We provide several algorithms for our accordion drawing infrastructure, such as: guaranteed visibility of marked items; Focus+Context in an accordion drawing layout; progressive rendering for smooth, animated transitions; and several application specific rendering and node marking algorithms for tree, regular grid, overlapping vertically offset ranges, and sparsely laid out data in a large domain.

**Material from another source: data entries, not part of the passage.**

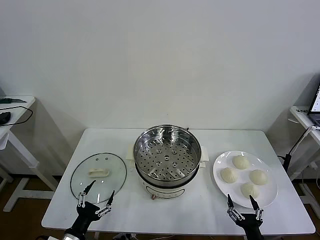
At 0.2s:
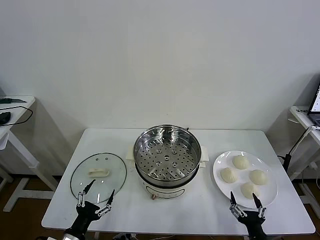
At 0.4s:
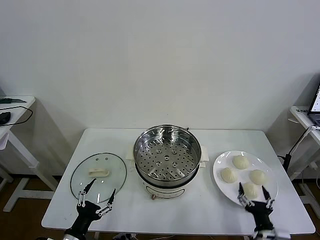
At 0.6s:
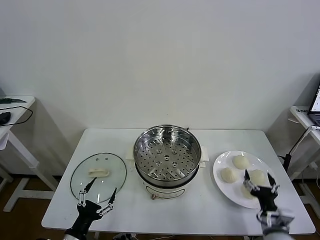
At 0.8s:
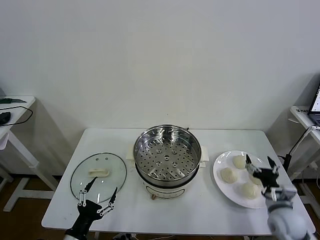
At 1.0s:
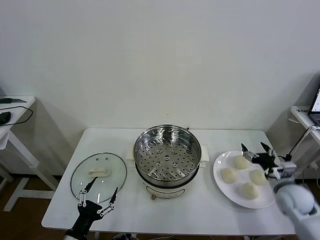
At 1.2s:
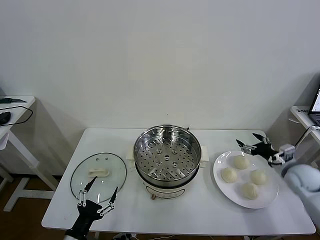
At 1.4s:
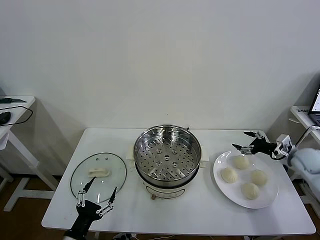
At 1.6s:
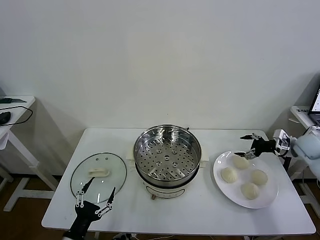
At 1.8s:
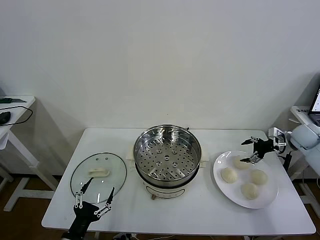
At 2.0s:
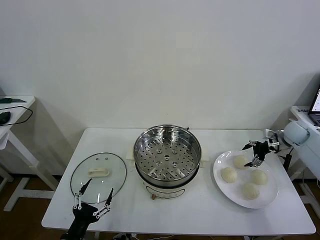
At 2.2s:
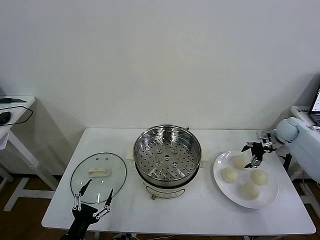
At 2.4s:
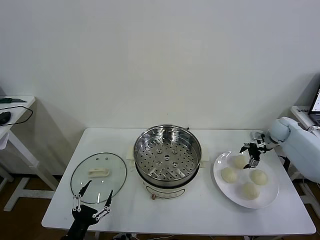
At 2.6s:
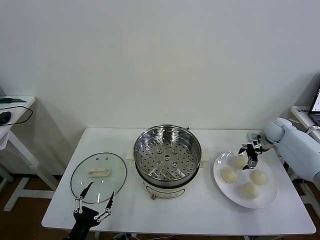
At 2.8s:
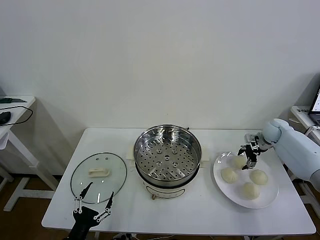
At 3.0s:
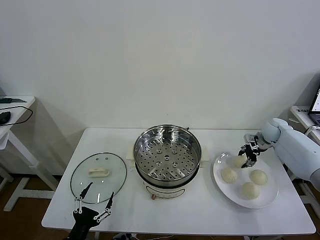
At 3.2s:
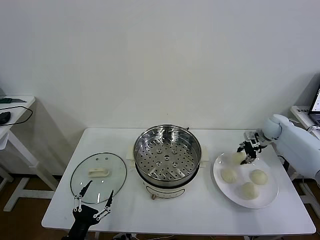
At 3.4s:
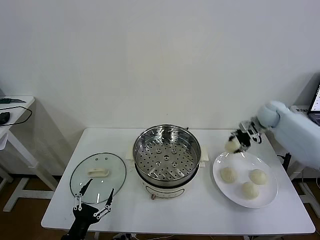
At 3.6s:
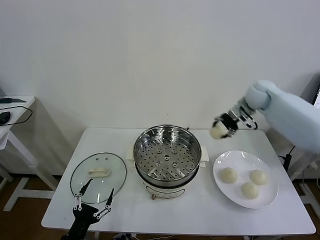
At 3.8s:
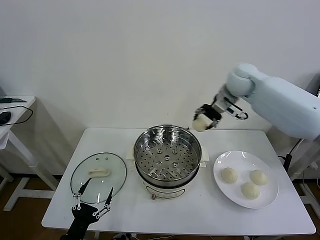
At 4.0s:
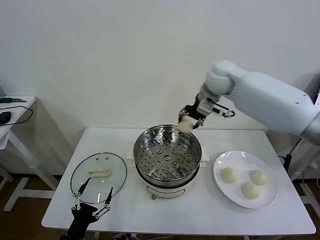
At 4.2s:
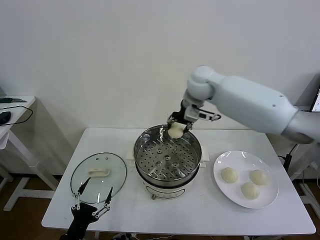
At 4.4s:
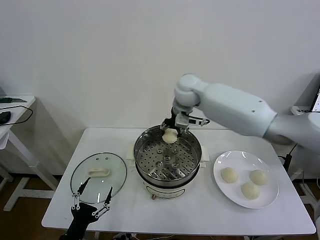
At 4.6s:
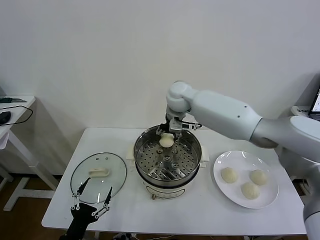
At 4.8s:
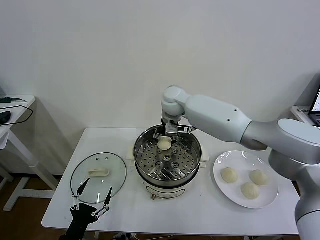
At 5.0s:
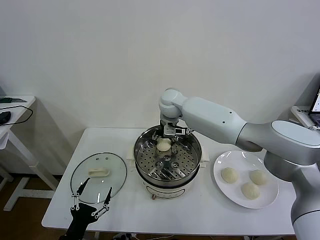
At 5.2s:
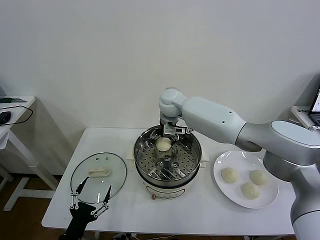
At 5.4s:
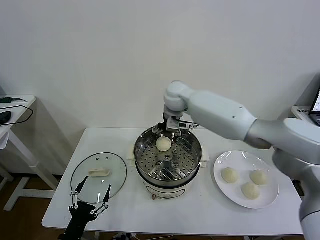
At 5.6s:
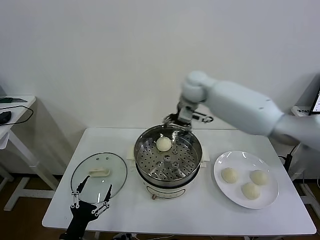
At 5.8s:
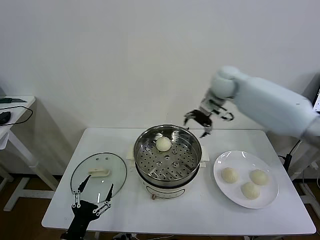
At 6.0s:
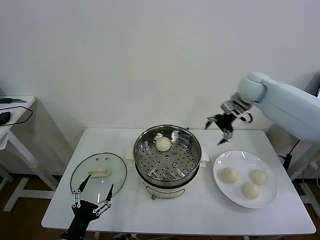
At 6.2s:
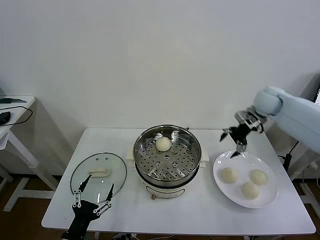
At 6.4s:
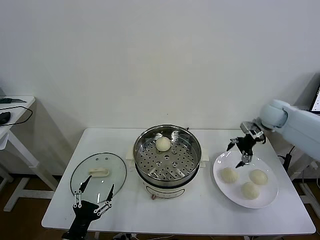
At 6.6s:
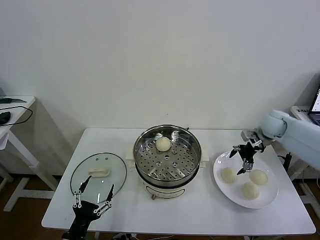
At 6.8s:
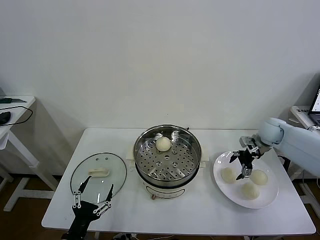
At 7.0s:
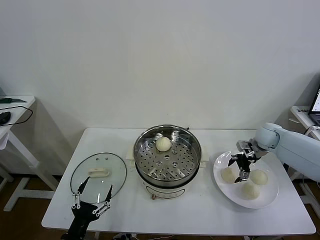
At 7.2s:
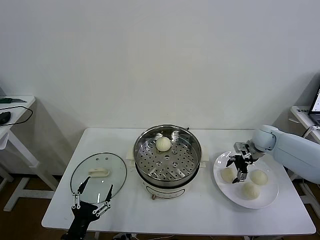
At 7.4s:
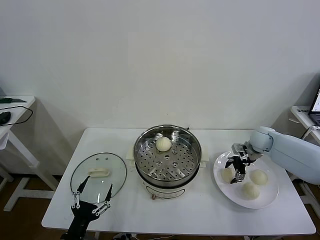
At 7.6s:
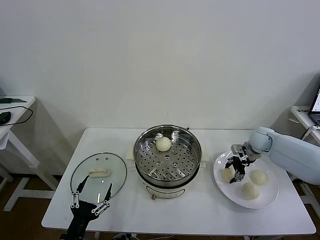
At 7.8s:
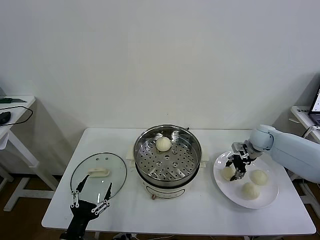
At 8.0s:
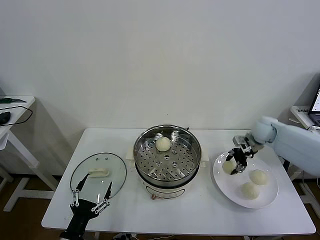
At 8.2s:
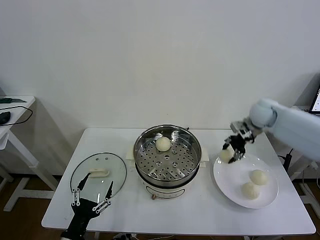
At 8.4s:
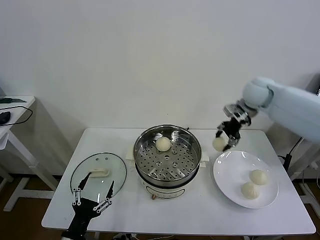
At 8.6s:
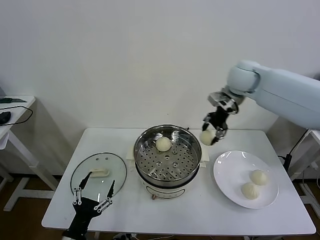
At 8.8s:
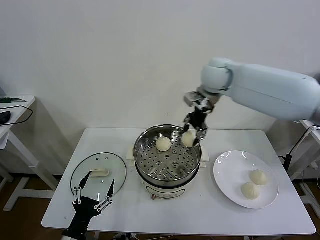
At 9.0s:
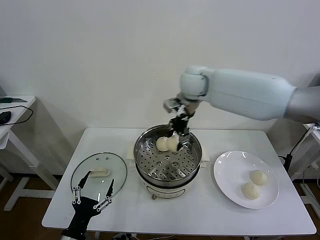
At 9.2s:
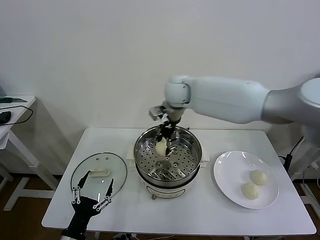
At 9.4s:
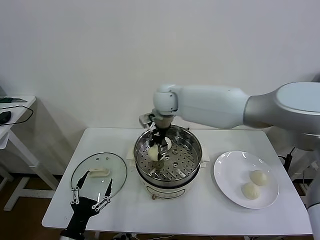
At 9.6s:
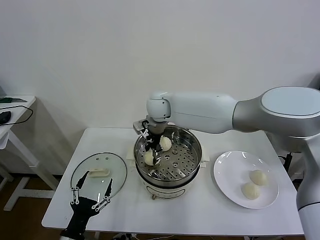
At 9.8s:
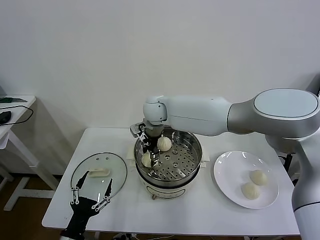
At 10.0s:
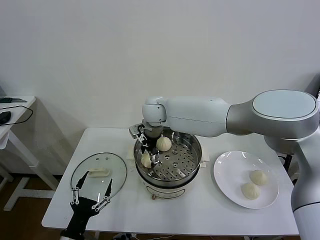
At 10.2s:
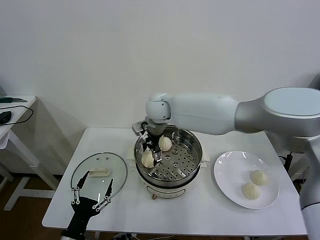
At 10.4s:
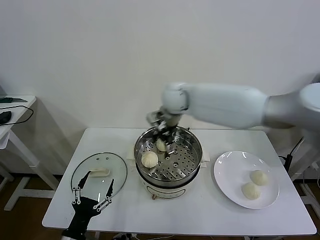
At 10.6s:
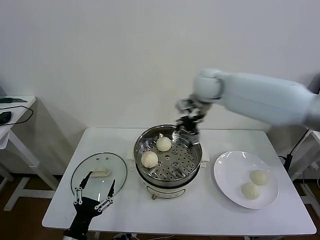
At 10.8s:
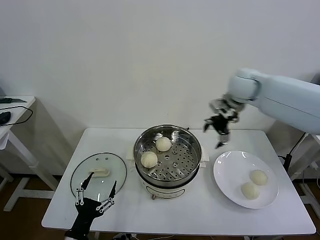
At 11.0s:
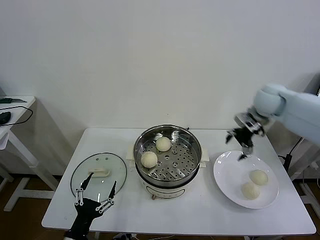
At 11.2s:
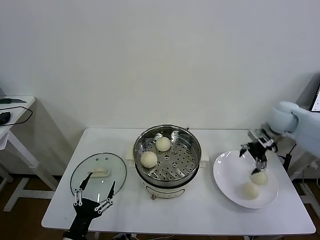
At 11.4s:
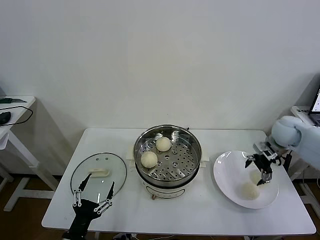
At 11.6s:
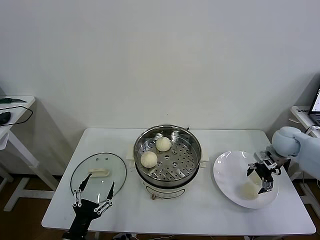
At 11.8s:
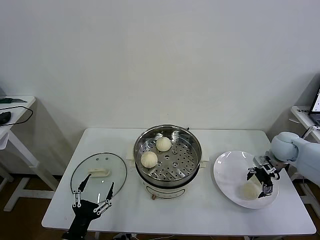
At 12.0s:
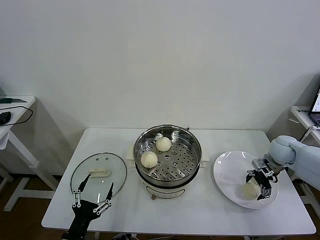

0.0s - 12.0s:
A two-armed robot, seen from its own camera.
Task of the whole recording: take steamed baozi put them in steamer then cover it.
Step, 0.0s - 3.0s: Grasp the baozi in the plate with right gripper.
Step, 3.2s - 5.0s: Place the baozi on the steamer with right gripper.
Step, 5.2s - 7.6s: Grasp the baozi in the plate with right gripper.
Step, 7.8s - 10.0s: Place the baozi on the steamer with right gripper.
1.6s - 3.0s: The right gripper moves forward and to the left, approximately 10 cm, and closes.
3.0s - 4.4s: The right gripper shifts roughly 40 cm to the left and upward.
4.4s - 6.0s: The right gripper goes some 25 cm to the right, and opens up.
6.0s - 7.6s: The right gripper shifts roughly 15 cm downward, and closes up.
7.6s - 9.0s: The right gripper travels to the left and upward by approximately 40 cm.
9.0s - 10.4s: The right gripper travels to the left and back again, some 10 cm each way, and opens.
10.4s - 12.0s: The right gripper goes roughly 40 cm to the right and downward.

II.8) Snapshots of the Interface

The following are snapshots of TreeJuxtaposer, SequenceJuxtaposer, and BacJuxtaposer:
TreeJuxtaposer


SequenceJuxtaposer


BacJuxtaposer

II.9) Development Platform

Linux, Mac OSX, Windows

II.10) Supported Operating Systems

Linux, Mac OSX, Windows

II.11) Software Dependencies/Required Libraries

Java, GL4Java

II.12) Current License

BSD

II.13) Number of Users/Downloads

unknown

II.14) Pros and Cons

Pros: Java portability, easy to use interface, extremely efficient integration of features, high performance Cons: distribution of Java libraries, producing installers, fairly monolithic codebase with only a small number of application domains currently supported

II.15) Planned Work

Combining TreeJuxtaposer and SequenceJuxtaposer, further developing BacJuxtaposer with semantic zooming, new tools in different application domains, logging functionality for simple undo and replay actions, user studies with target groups, editing datasets, and analysis tools for specific biological tasks.

Part III

My main interest in attending the workshop is to see how several other non-toolkit applications have been integrated into toolkits. Our approach has been to develop specific applications and recently we have been extracting generic components that might be of some use to existing toolkits. Furthermore, communication with others on integrating our existing applications with potentially useful components may reduce the work required to implement new functionality for our future applications.